Armed with this knowledge, lets find out if it is in fact consistent with our observation.
By "cat /proc/1004/stat and looking at the number corresponding to wchan (the 7th from the back), we get 3222345382 in decimal which is 0xc01116a6 in hex:

1004 (bash) S 1 1004 1004 1025 1032 8388864 1237 2703 2 1 76 96 60 96 15 0 1 0 4566 2732032 370 4294967295 134512640 135115388 3220282176 3220281448 3085243310 0 65536 3686404 1266761467 3222345382 0 0 17 0 0 0

A "grep -C 3 do_wait /proc/kallsyms" give us:

c0110e7c t wait_task_zombie
c01111ce t wait_task_stopped
c0111434 t wait_task_continued
c0111522 t do_wait
c0111892 T sys_waitid
c0111914 T sys_wait4
c0111956 T sys_waitpid

So, it seems that our 0xc01116a6 falls within 0xc0111522 (do_wait) and 0xc0111892 (sys_waitid). Therefore it is indeed inside the function do_wait().
Let see what exactly are those instructions around that address 0xc01116a6.

0xc01116a6 - 0xc0111522 = 0x184 (decimal 388)

If we look at the gdb (via gdbserver) disassemble...
Dump of assembler code for function do_wait:
0xc0111522 <do_wait+0>: push %ebp
0xc0111523 <do_wait+1>: cld
0xc0111524 <do_wait+2>: xor %eax,%eax
0xc0111526 <do_wait+4>: mov %esp,%ebp
0xc0111528 <do_wait+6>: mov $0x5,%ecx
...bla...bla...
0xc011169f <do_wait+381>: jne 0xc01116ab <do_wait+393>
0xc01116a1 <do_wait+383>: call 0xc024c452 <schedule>
0xc01116a6 <do_wait+388>: jmp 0xc011157a <do_wait+88>
0xc01116ab <do_wait+393>: mov $0xffffe000,%eax
...bla...bla...
Looks like 0xc01116a6 is the next instruction after returning from schedule(), so that is where we are blocked.
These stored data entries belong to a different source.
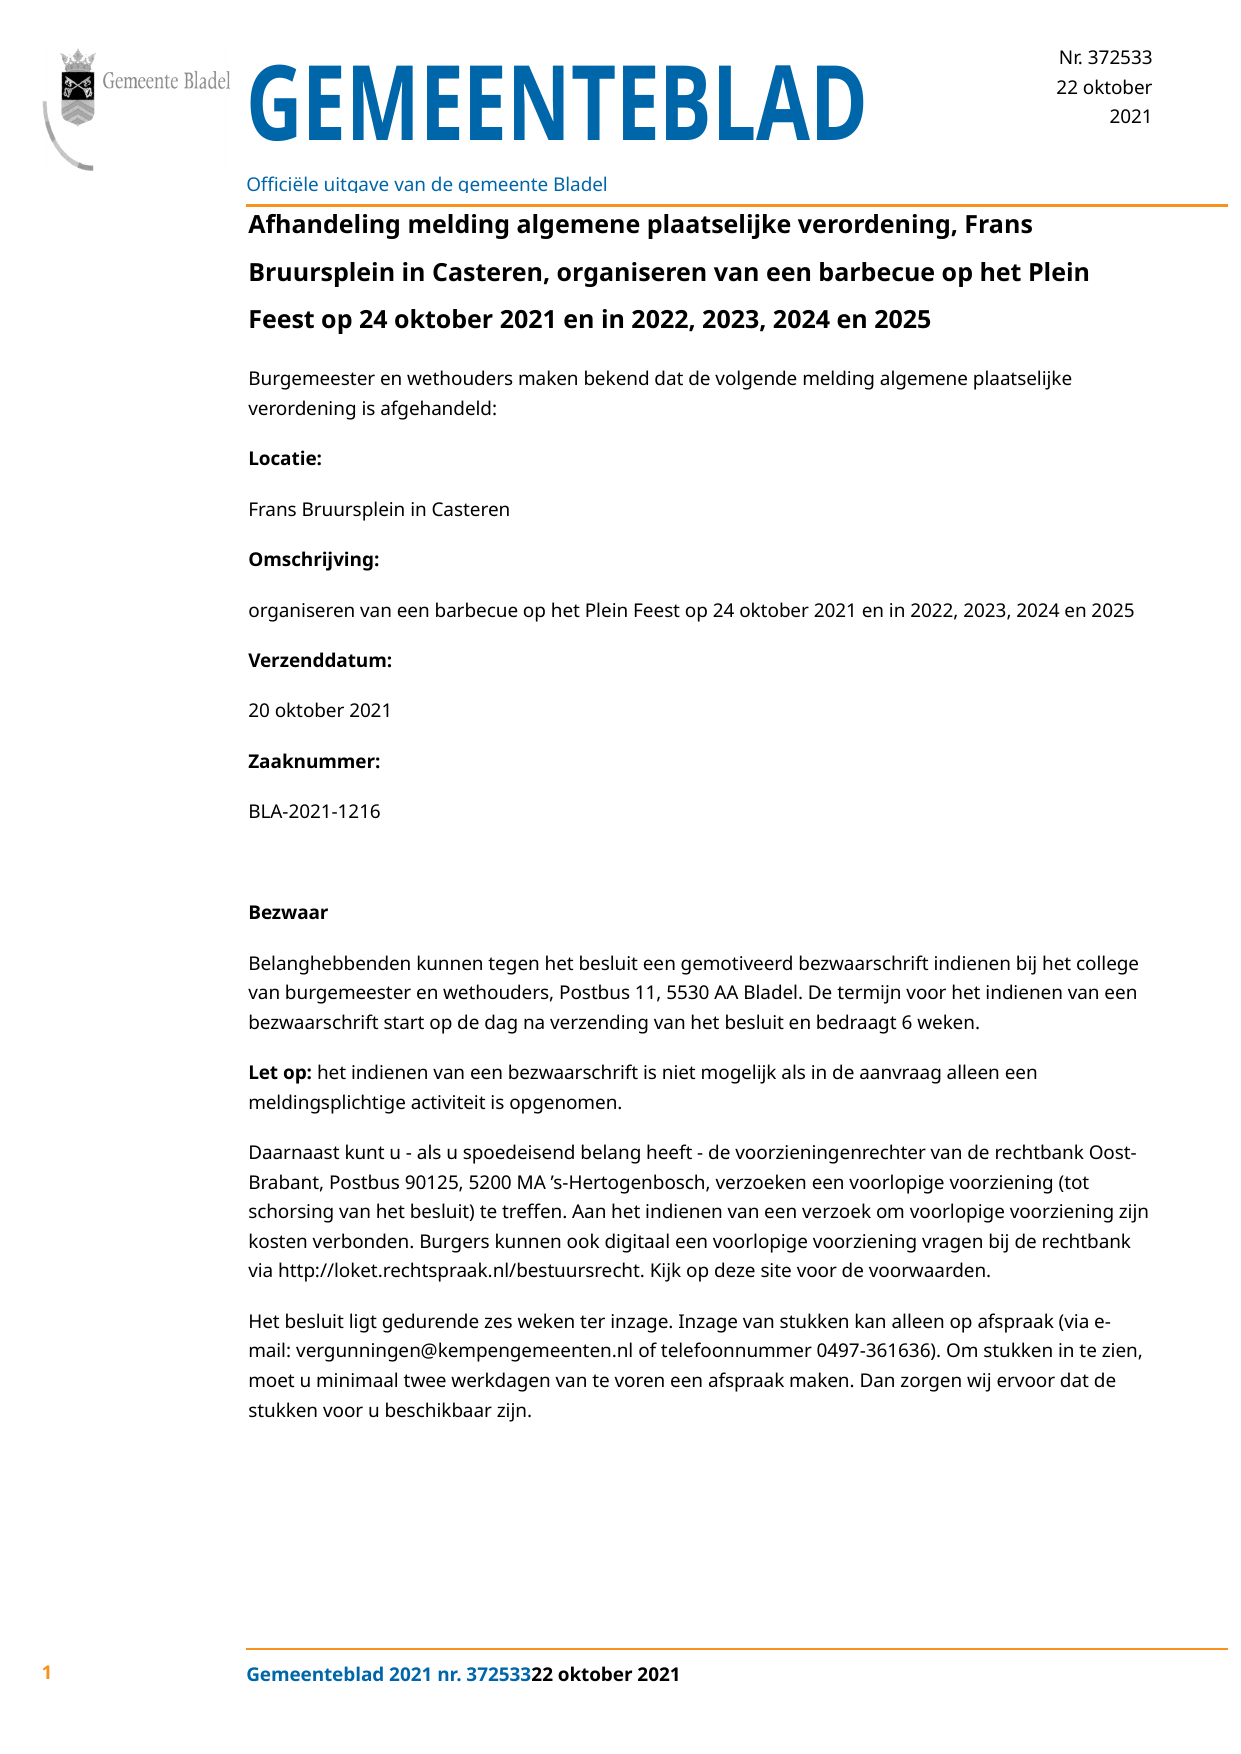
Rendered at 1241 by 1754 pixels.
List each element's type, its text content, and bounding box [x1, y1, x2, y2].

text Omschrijving: [248, 546, 1152, 572]
text Daarnaast kunt u - als u spoedeisend belang heeft - de voorzieningenrechter van de rechtbank Oost-Brabant, Postbus 90125, 5200 MA ’s-Hertogenbosch, verzoeken een voorlopige voorziening (tot schorsing van het besluit) te treffen. Aan het indienen van een verzoek om voorlopige voorziening zijn kosten verbonden. Burgers kunnen ook digitaal een voorlopige voorziening vragen bij de rechtbank via http://loket.rechtspraak.nl/bestuursrecht. Kijk op deze site voor de voorwaarden. [248, 1139, 1152, 1283]
text Let op: het indienen van een bezwaarschrift is niet mogelijk als in de aanvraag alleen een meldingsplichtige activiteit is opgenomen. [248, 1059, 1152, 1114]
picture [41, 47, 231, 172]
text Het besluit ligt gedurende zes weken ter inzage. Inzage van stukken kan alleen op afspraak (via e-mail: vergunningen@kempengemeenten.nl of telefoonnummer 0497-361636). Om stukken in te zien, moet u minimaal twee werkdagen van te voren een afspraak maken. Dan zorgen wij ervoor dat de stukken voor u beschikbaar zijn. [248, 1308, 1152, 1422]
text Locatie: [248, 446, 1152, 471]
text Afhandeling melding algemene plaatselijke verordening, Frans Bruursplein in Casteren, organiseren van een barbecue op het Plein Feest op 24 oktober 2021 en in 2022, 2023, 2024 en 2025 [248, 207, 1152, 336]
text Bezwaar [248, 899, 1152, 925]
text Belanghebbenden kunnen tegen het besluit een gemotiveerd bezwaarschrift indienen bij het college van burgemeester en wethouders, Postbus 11, 5530 AA Bladel. De termijn voor het indienen van een bezwaarschrift start op de dag na verzending van het besluit en bedraagt 6 weken. [248, 950, 1152, 1034]
text Frans Bruursplein in Casteren [248, 496, 1152, 522]
text Burgemeester en wethouders maken bekend dat de volgende melding algemene plaatselijke verordening is afgehandeld: [248, 366, 1152, 421]
text organiseren van een barbecue op het Plein Feest op 24 oktober 2021 en in 2022, 2023, 2024 en 2025 [248, 597, 1152, 622]
text Verzenddatum: [248, 647, 1152, 673]
text BLA-2021-1216 [248, 798, 1152, 824]
text Zaaknummer: [248, 748, 1152, 774]
text 20 oktober 2021 [248, 698, 1152, 723]

Well, this is a little investigation I did on my own. So, usual disclaimer that I am not sure if my approach is correct. Any technical comment or guidance are welcome.

4 comments:

sanjay said...

I find it useful, while degugging a process hang problem.

Jesse Taylor said...

It's very interesting how exploring seemingly simple questions like "What is 'wchan'?..." can lead you through such interesting places.

Waldemar Sauer said...

Thank you for writing this article. I found it enlightening.

Waldemar Sauer said...

Thank you for writing this article. I found it enlightening.